Bernoulli Naive Bayes


Balance Across Labels for Bernoulli Naive Bayes.

The accuracy for this result was 92.94%.


Confusion Matrix for Bernoullie Naive Bayes.

Given that the accuracy shows a successful model, this does corroborate a pattern between the sub-categories and the parent call category given to the API. Hyperparameter tuning could result in better performance here, however, the incorrect predictions could actually present some correlations worth investigating. For instance, the label of Bars was correctly predicted more than it was not. However, the incorrect predictions for that label was most prevalant was Restaurants. Bars and Restaurants are often correlated together, and more correlations like this do appear in this confusion matrix.



Conclusions


In this analysis, several different patterns were explored.

Potential links between daily weather events and the types of ski resort passes was invesigated. This didn't yield great results, and could require more data or different methodology for a future analysis.

The relationship between real-time weather outcomes and the general weather descriptions for each day was examined. The results for this did yield more promising results, although location based data or further refinement of the methods might yield better correlations.
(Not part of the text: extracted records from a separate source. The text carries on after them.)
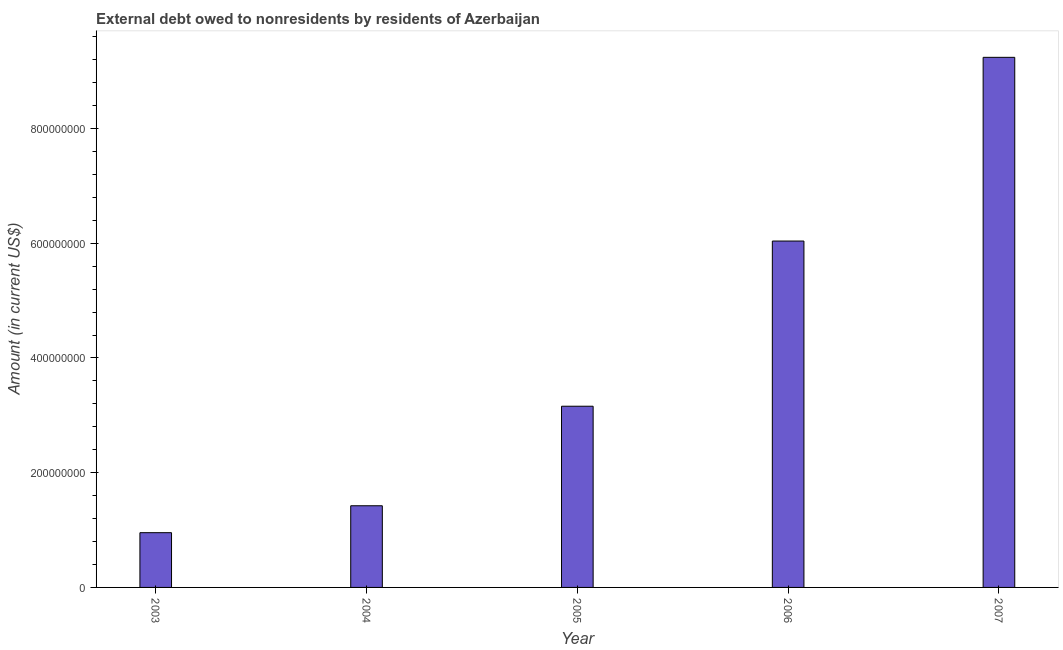What is the title of the graph?
Your answer should be compact. External debt owed to nonresidents by residents of Azerbaijan. What is the label or title of the X-axis?
Give a very brief answer. Year. What is the debt in 2005?
Ensure brevity in your answer.  3.16e+08. Across all years, what is the maximum debt?
Provide a short and direct response. 9.24e+08. Across all years, what is the minimum debt?
Your response must be concise. 9.54e+07. In which year was the debt maximum?
Provide a short and direct response. 2007. In which year was the debt minimum?
Offer a very short reply. 2003. What is the sum of the debt?
Ensure brevity in your answer.  2.08e+09. What is the difference between the debt in 2005 and 2006?
Offer a terse response. -2.88e+08. What is the average debt per year?
Keep it short and to the point. 4.16e+08. What is the median debt?
Provide a short and direct response. 3.16e+08. In how many years, is the debt greater than 440000000 US$?
Offer a terse response. 2. Do a majority of the years between 2006 and 2007 (inclusive) have debt greater than 920000000 US$?
Offer a very short reply. No. What is the ratio of the debt in 2003 to that in 2007?
Keep it short and to the point. 0.1. What is the difference between the highest and the second highest debt?
Ensure brevity in your answer.  3.20e+08. Is the sum of the debt in 2005 and 2007 greater than the maximum debt across all years?
Keep it short and to the point. Yes. What is the difference between the highest and the lowest debt?
Offer a very short reply. 8.29e+08. How many years are there in the graph?
Provide a succinct answer. 5. What is the difference between two consecutive major ticks on the Y-axis?
Give a very brief answer. 2.00e+08. What is the Amount (in current US$) of 2003?
Give a very brief answer. 9.54e+07. What is the Amount (in current US$) of 2004?
Your answer should be very brief. 1.42e+08. What is the Amount (in current US$) of 2005?
Your response must be concise. 3.16e+08. What is the Amount (in current US$) in 2006?
Provide a succinct answer. 6.04e+08. What is the Amount (in current US$) in 2007?
Your answer should be compact. 9.24e+08. What is the difference between the Amount (in current US$) in 2003 and 2004?
Provide a short and direct response. -4.69e+07. What is the difference between the Amount (in current US$) in 2003 and 2005?
Offer a terse response. -2.20e+08. What is the difference between the Amount (in current US$) in 2003 and 2006?
Offer a very short reply. -5.08e+08. What is the difference between the Amount (in current US$) in 2003 and 2007?
Your answer should be compact. -8.29e+08. What is the difference between the Amount (in current US$) in 2004 and 2005?
Keep it short and to the point. -1.73e+08. What is the difference between the Amount (in current US$) in 2004 and 2006?
Make the answer very short. -4.61e+08. What is the difference between the Amount (in current US$) in 2004 and 2007?
Provide a short and direct response. -7.82e+08. What is the difference between the Amount (in current US$) in 2005 and 2006?
Keep it short and to the point. -2.88e+08. What is the difference between the Amount (in current US$) in 2005 and 2007?
Your response must be concise. -6.08e+08. What is the difference between the Amount (in current US$) in 2006 and 2007?
Your response must be concise. -3.20e+08. What is the ratio of the Amount (in current US$) in 2003 to that in 2004?
Offer a terse response. 0.67. What is the ratio of the Amount (in current US$) in 2003 to that in 2005?
Give a very brief answer. 0.3. What is the ratio of the Amount (in current US$) in 2003 to that in 2006?
Give a very brief answer. 0.16. What is the ratio of the Amount (in current US$) in 2003 to that in 2007?
Provide a short and direct response. 0.1. What is the ratio of the Amount (in current US$) in 2004 to that in 2005?
Ensure brevity in your answer.  0.45. What is the ratio of the Amount (in current US$) in 2004 to that in 2006?
Your answer should be compact. 0.24. What is the ratio of the Amount (in current US$) in 2004 to that in 2007?
Keep it short and to the point. 0.15. What is the ratio of the Amount (in current US$) in 2005 to that in 2006?
Provide a succinct answer. 0.52. What is the ratio of the Amount (in current US$) in 2005 to that in 2007?
Offer a terse response. 0.34. What is the ratio of the Amount (in current US$) in 2006 to that in 2007?
Your response must be concise. 0.65.

The relationships between different categories of businesses located near ski resorts was assessed. If someone were to search for a specific service on Google for businesses near ski resorts, they would likely receive the services that were requested. The findings also suggest that if the services wasn't exactly what they were requested, it would be highly correlated. For example, If a user searched for a bar, they receive results for a restaurant.